The distinctive coloured patterns of Lineages I, II & III
(from the Results Page on the World Families.Net site)

Furthermore, within each Lineage, there are subtle differences among members. In other words, most people are not an exact match to the Modal Haplotype - everyone in the group sings the "signature tune" just ever so slightly differently. They're all in the same choir, but some hit a bum note! These differences between project members in their STR marker values allow us to construct a diagram that suggests how the various project members might be related to each other.

So, for example, if we take the first 12 markers in Lineage II we could construct a Mutation History Tree (MHT) that separates out the members of the group into different branches. Reading from left to right across the tree in the diagram below, the first 4 members (G22, G05, G57, and G64 in the diagram below) all match the Modal Haplotype at 12 markers (Branch 1). The fifth member (G42) has a single mutation (in red) at marker 385b which has mutated from the modal value of 14 to a new value of 15 (Branch 2). This may have happened in the previous generation or many many generations ago. The 6th member (G21) apparently has 2 mutations* from the modal (on markers 389i1 and 389i2), and the remaining members all have a mutation at marker 390 with 3 of them having an additional mutation on marker 392 (Branch 5).

12-marker MHT for Lineage II
click to enlarge

This diagram gives a pictorial representation of how the different members of Lineage II may be related. The branching pattern derived from the DNA mutations may very well correspond to the branching pattern that one might see in the traditional Family History Tree if we were able to trace it all the way back with documentary evidence to the MRCA (Most Recent Common Ancestor). Thus the Mutation History Tree can give us important clues regarding which individuals are likely to be on the same branch of the overall tree, and who is more closely related to whom. This in turn can help focus further documentary research. 

In the example above, the project members in the last branch on the right (Branch 5) are more closely related to each other than to anyone else in the project - they should get together and try to figure out how they are related. Their MRCA is a lot closer in time than the MRCA they share with (for example) the first group in the tree (on the far left, Branch 1). Similarly, because Branch 5 is in fact an off-shoot of Branch 4, the MRCA for these two groups is going to be closer in time than the MRCA either shares with any of the other groups. Thus, for example, Branch 5 members may share an MRCA born in 1750, Branches 4 & 5 share an MRCA born in 1610, Branches 4 & 3 share an MRCA born in 1390, and the MRCA for the entire group was born in 1125.

But this is the pattern based on the values of just 12 STR markers. What happens when we use 37 markers? or 67? or 111? The more markers that are used to generate the Mutation History Tree, the more accurate the picture is likely to become and the more likely we are to approximate the branching pattern in the actual Family History Tree.

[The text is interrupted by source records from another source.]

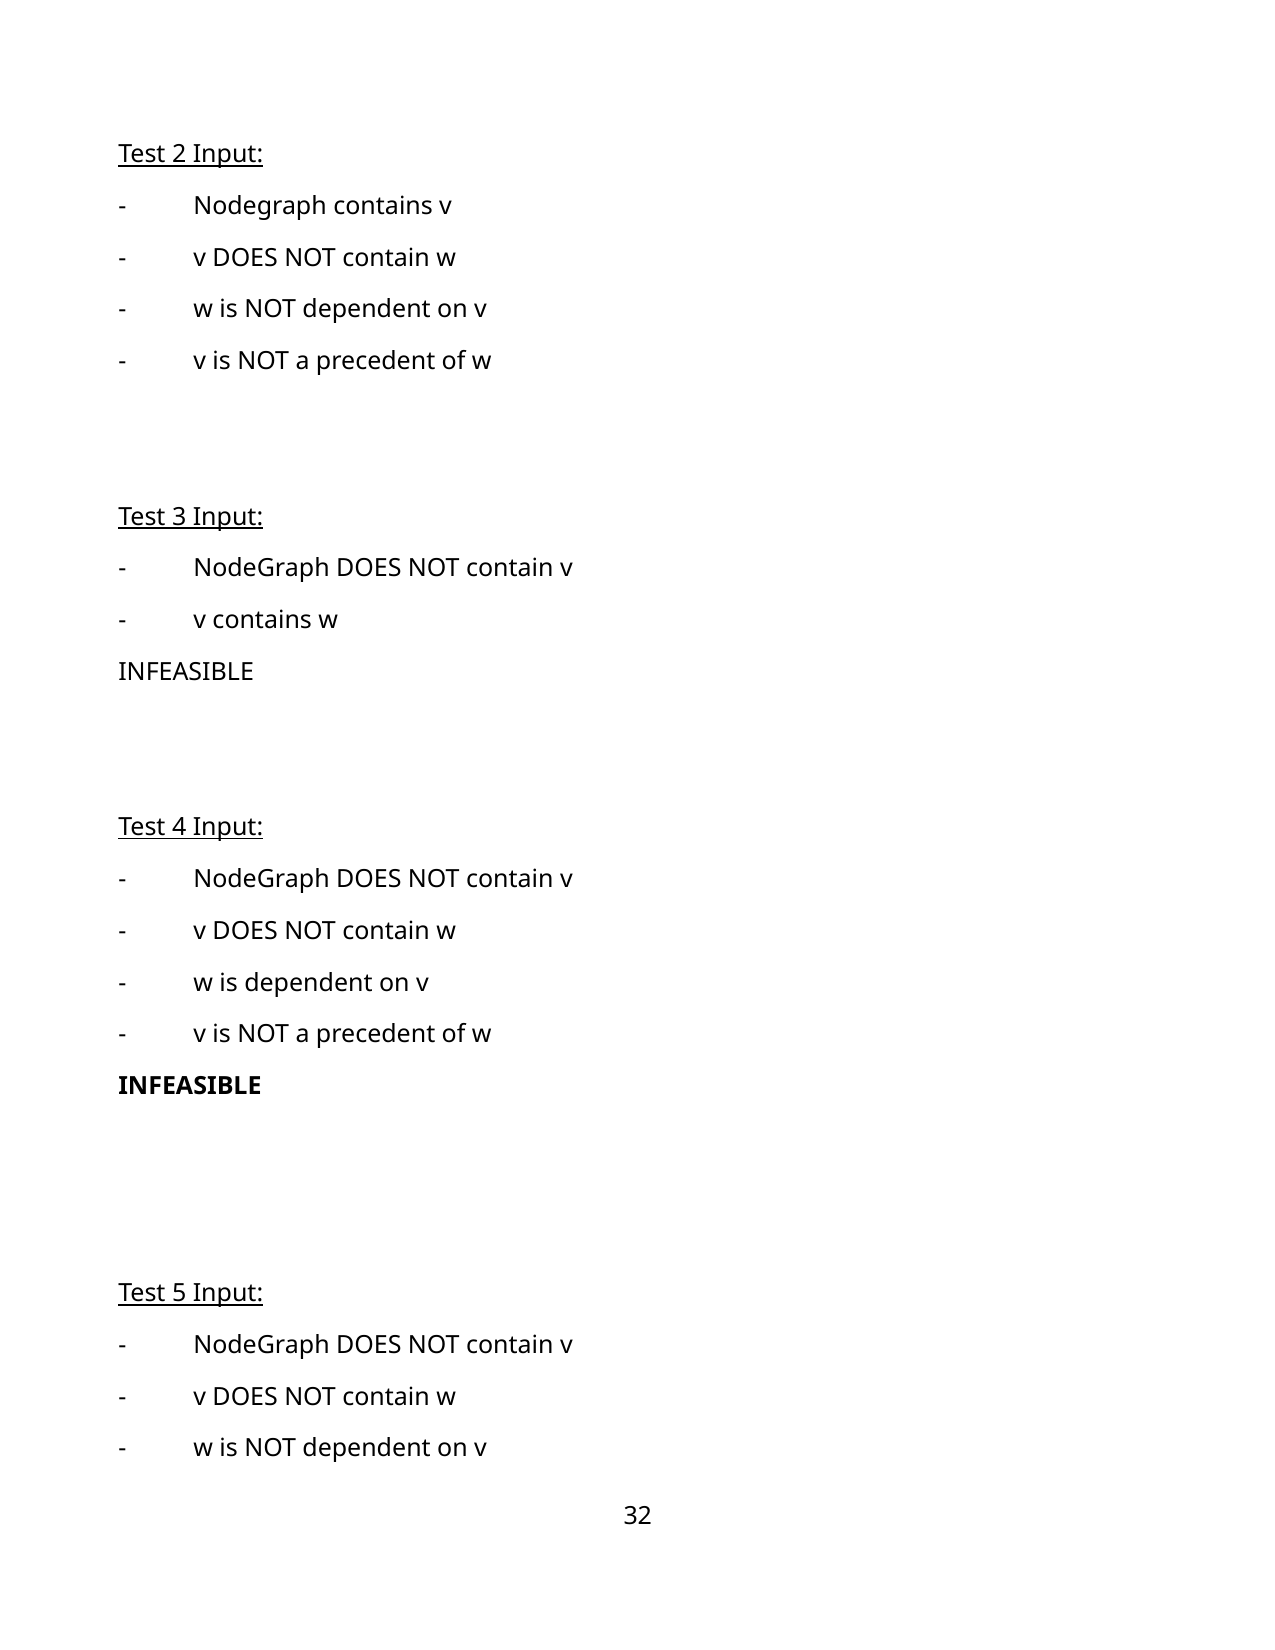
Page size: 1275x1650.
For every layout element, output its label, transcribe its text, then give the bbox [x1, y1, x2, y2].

subtitle - NodeGraph DOES NOT contain v [118, 1327, 1157, 1361]
subtitle INFEASIBLE [118, 653, 1157, 688]
subtitle - v DOES NOT contain w [118, 912, 1157, 946]
subtitle - w is dependent on v [118, 964, 1157, 998]
subtitle - v DOES NOT contain w [118, 1378, 1157, 1412]
subtitle - NodeGraph DOES NOT contain v [118, 550, 1157, 584]
subtitle - v is NOT a precedent of w [118, 343, 1157, 377]
subtitle - w is NOT dependent on v [118, 291, 1157, 325]
subtitle INFEASIBLE [118, 1068, 1157, 1102]
subtitle Test 5 Input: [118, 1275, 1157, 1309]
subtitle Test 4 Input: [118, 809, 1157, 843]
subtitle - w is NOT dependent on v [118, 1430, 1157, 1464]
subtitle - Nodegraph contains v [118, 188, 1157, 222]
subtitle - v is NOT a precedent of w [118, 1016, 1157, 1050]
subtitle - v contains w [118, 602, 1157, 636]
subtitle Test 3 Input: [118, 498, 1157, 532]
subtitle - v DOES NOT contain w [118, 239, 1157, 273]
subtitle - NodeGraph DOES NOT contain v [118, 861, 1157, 895]
subtitle Test 2 Input: [118, 136, 1157, 170]

However, not everyone in the group has tested to the same level of STR markers. Six people have tested to 111 markers, 3 people have tested to 67 markers, and 2 people have tested to 37 markers. And of the 4 people in "Possible Lineage II", one has tested to 25 markers and 3 have tested to only 12 markers. This obviously creates difficulties in accurately allocating people to the correct branch of the Mutation History Tree and such allocations are likely to change as these members upgrade their results and more data become available.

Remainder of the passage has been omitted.